━━━ INPUT DATA
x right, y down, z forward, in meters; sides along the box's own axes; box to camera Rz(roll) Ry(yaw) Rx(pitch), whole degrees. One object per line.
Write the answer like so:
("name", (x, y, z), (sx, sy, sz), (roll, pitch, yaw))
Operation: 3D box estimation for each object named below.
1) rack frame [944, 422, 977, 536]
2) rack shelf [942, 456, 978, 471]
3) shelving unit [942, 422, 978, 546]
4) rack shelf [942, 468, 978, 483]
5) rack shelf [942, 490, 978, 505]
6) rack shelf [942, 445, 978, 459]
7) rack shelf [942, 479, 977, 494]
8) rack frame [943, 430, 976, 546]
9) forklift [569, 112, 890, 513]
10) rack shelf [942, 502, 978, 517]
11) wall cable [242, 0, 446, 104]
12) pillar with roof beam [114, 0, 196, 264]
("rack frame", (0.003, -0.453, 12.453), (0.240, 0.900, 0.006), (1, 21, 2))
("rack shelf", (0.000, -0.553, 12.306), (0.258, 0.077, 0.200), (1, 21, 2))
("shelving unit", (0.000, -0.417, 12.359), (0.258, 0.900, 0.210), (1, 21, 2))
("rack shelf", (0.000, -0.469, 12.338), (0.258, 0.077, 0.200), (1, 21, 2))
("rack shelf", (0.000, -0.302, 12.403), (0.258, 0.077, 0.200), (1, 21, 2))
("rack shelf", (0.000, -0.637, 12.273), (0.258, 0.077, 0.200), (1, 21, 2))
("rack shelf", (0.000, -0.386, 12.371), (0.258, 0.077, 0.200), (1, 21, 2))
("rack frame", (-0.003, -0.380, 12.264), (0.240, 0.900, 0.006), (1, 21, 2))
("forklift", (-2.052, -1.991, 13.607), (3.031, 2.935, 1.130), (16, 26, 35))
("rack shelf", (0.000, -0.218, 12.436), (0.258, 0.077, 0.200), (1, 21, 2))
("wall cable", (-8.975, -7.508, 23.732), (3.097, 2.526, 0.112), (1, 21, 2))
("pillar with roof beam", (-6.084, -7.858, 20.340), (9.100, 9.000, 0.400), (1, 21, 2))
━━━━━━
[TASK STATEMENT] The total, and only the total: count the lines above that contain "object".

[EXPECTED OUTPUT] 2